Dimensionality reduction is a family of techniques that transform high-dimensional data into a lower-dimensional representation while preserving as much meaningful structure as possible. In the context of AI and information retrieval, this typically means compressing vector embeddings — which may have 768 or more dimensions — into smaller vectors that are faster to search, cheaper to store, and easier to visualise. The trade-off is always between compression and information loss: more aggressive reduction saves more resources but risks discarding distinctions that matter for retrieval quality.

Why it matters

  • Search speed — similarity search over lower-dimensional vectors is faster because distance calculations involve fewer operations; this matters at scale when searching millions of document embeddings
  • Storage efficiency — reducing 1536-dimensional vectors to 256 dimensions cuts storage by over 80%, which is significant for large knowledge bases
  • Visualisation — reducing embeddings to 2 or 3 dimensions allows human inspection of the embedding space, revealing clusters, outliers, and gaps in coverage
  • Noise reduction — high-dimensional embeddings may contain redundant or noisy dimensions; reduction can actually improve retrieval by eliminating dimensions that add noise without contributing meaning

How it works

Dimensionality reduction techniques fall into two categories:

Linear methods project data along the directions of maximum variance. Principal Component Analysis (PCA) is the most common: it identifies the axes along which the data varies most and discards the rest. PCA is fast, deterministic, and works well when the important structure in the data is linear. For embeddings, PCA from 768 to 256 dimensions typically preserves 90-95% of retrieval performance.

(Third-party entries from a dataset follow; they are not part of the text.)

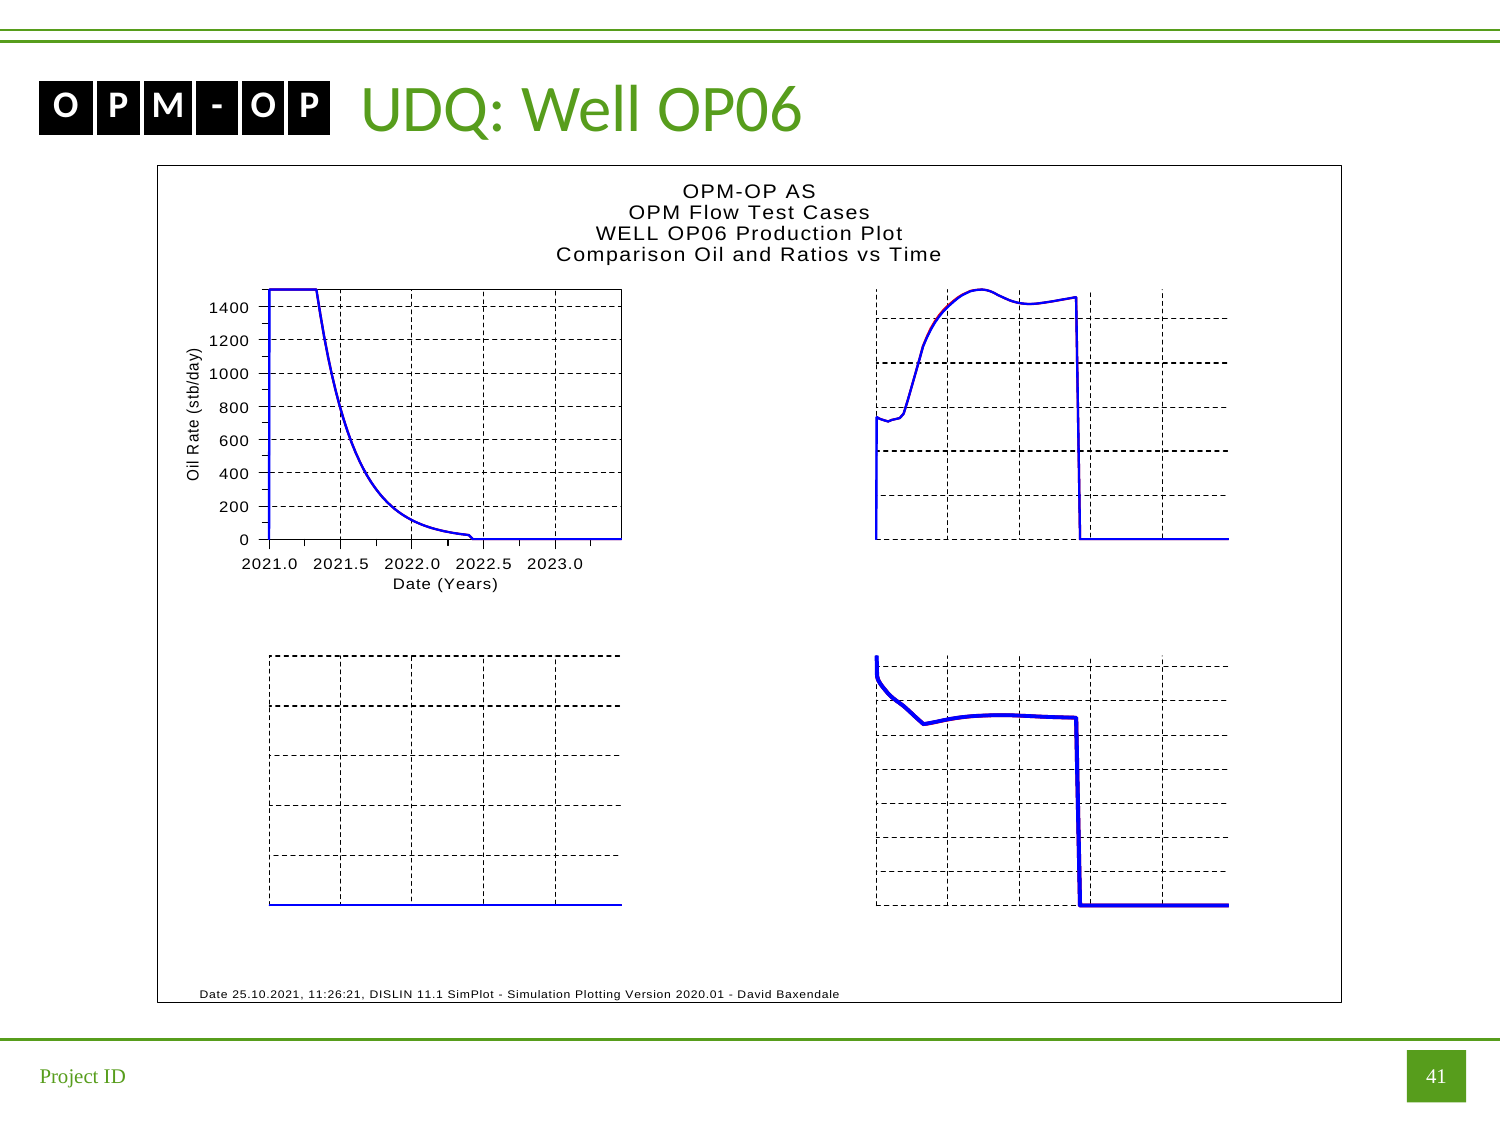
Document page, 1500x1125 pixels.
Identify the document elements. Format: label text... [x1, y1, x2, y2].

picture [157, 165, 1343, 1004]
title UDQ: well OP06 [360, 77, 1425, 153]
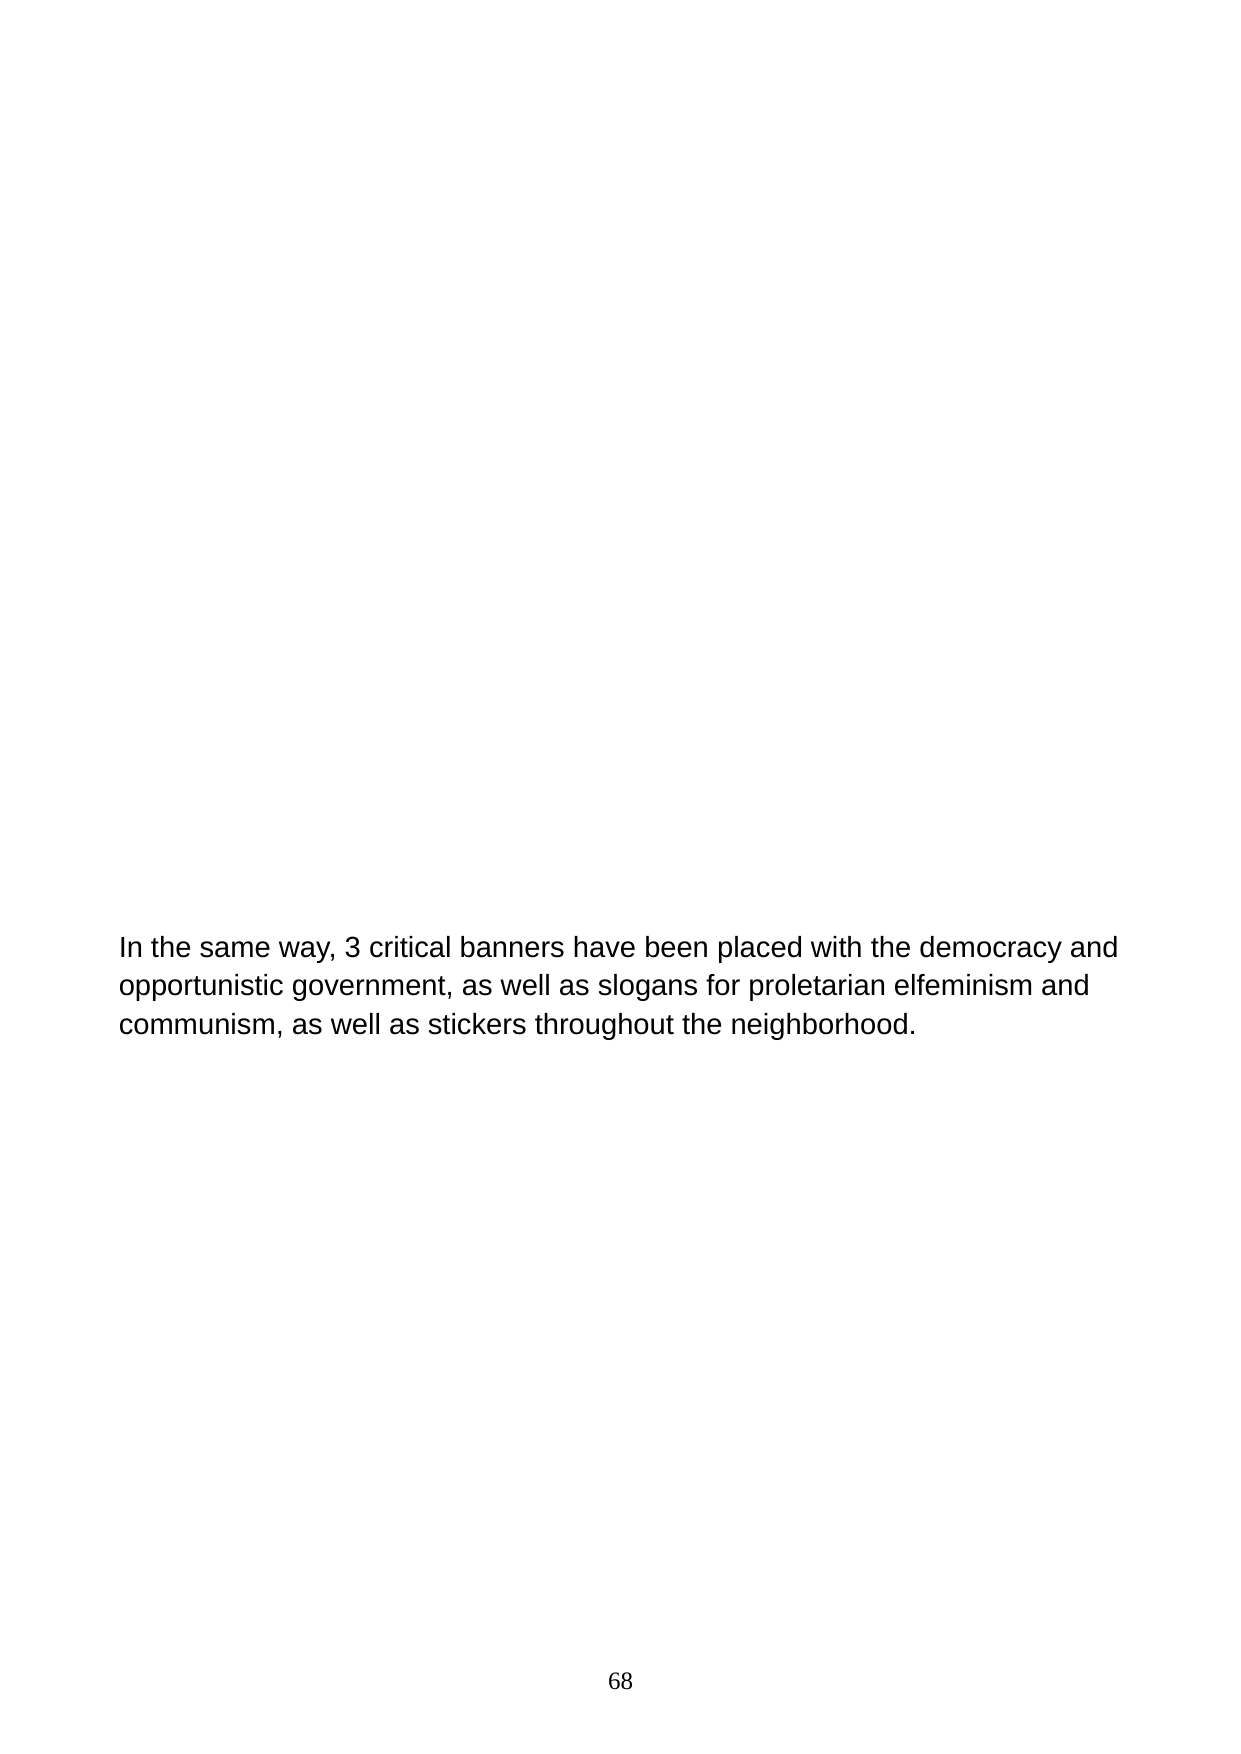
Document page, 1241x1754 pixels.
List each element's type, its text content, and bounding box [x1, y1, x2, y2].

text In the same way, 3 critical banners have been placed with the democracy and opportunistic government, as well as slogans for proletarian elfeminism and communism, as well as stickers throughout the neighborhood. [118, 118, 1122, 1040]

Non-linear methods capture more complex structure. t-SNE (t-distributed Stochastic Neighbour Embedding) and UMAP (Uniform Manifold Approximation and Projection) are primarily used for visualisation — they map high-dimensional data to 2-3 dimensions while preserving local neighbourhood relationships. Autoencoders use neural networks to learn a compressed representation and can capture non-linear patterns, but they require training and are more complex to deploy.

In production retrieval systems, dimensionality reduction is often applied at indexing time: full-dimensional embeddings are computed by the embedding model, then compressed before being stored in the vector index. At query time, the query embedding undergoes the same reduction before search. Some vector databases apply quantisation (a related technique) alongside or instead of dimensionality reduction to further compress storage.

The key decision is how many dimensions to keep. This is determined empirically by measuring retrieval quality (recall@k, nDCG) at different dimension counts and finding the point where further reduction noticeably degrades results.

Common questions

Q: Does dimensionality reduction always help?

A: Not always. If the embedding model produces compact, information-dense vectors with few redundant dimensions, reduction may hurt more than it helps. It is most beneficial when the original dimensionality is high (1000+) and storage or speed constraints are significant.

Q: What is the difference between dimensionality reduction and vector quantisation?

A: Dimensionality reduction reduces the number of dimensions (e.g., 768 → 256). Vector quantisation reduces the precision of each dimension (e.g., 32-bit floats → 8-bit integers) or maps vectors to cluster centroids. Both reduce storage and speed up search, and they can be combined.

References

Benyamin Ghojogh et al. (2021), “Uniform Manifold Approximation and Projection (UMAP) and its Variants: Tutorial and Survey”, arXiv.

Mudit Mittal et al. (2024), “Dimensionality Reduction Using UMAP and TSNE Technique”, International Conference on Advanced Infocomm Technology.

Aditya Ravuri et al. (2024), “Towards One Model for Classical Dimensionality Reduction: A Probabilistic Perspective on UMAP and t-SNE”, arXiv.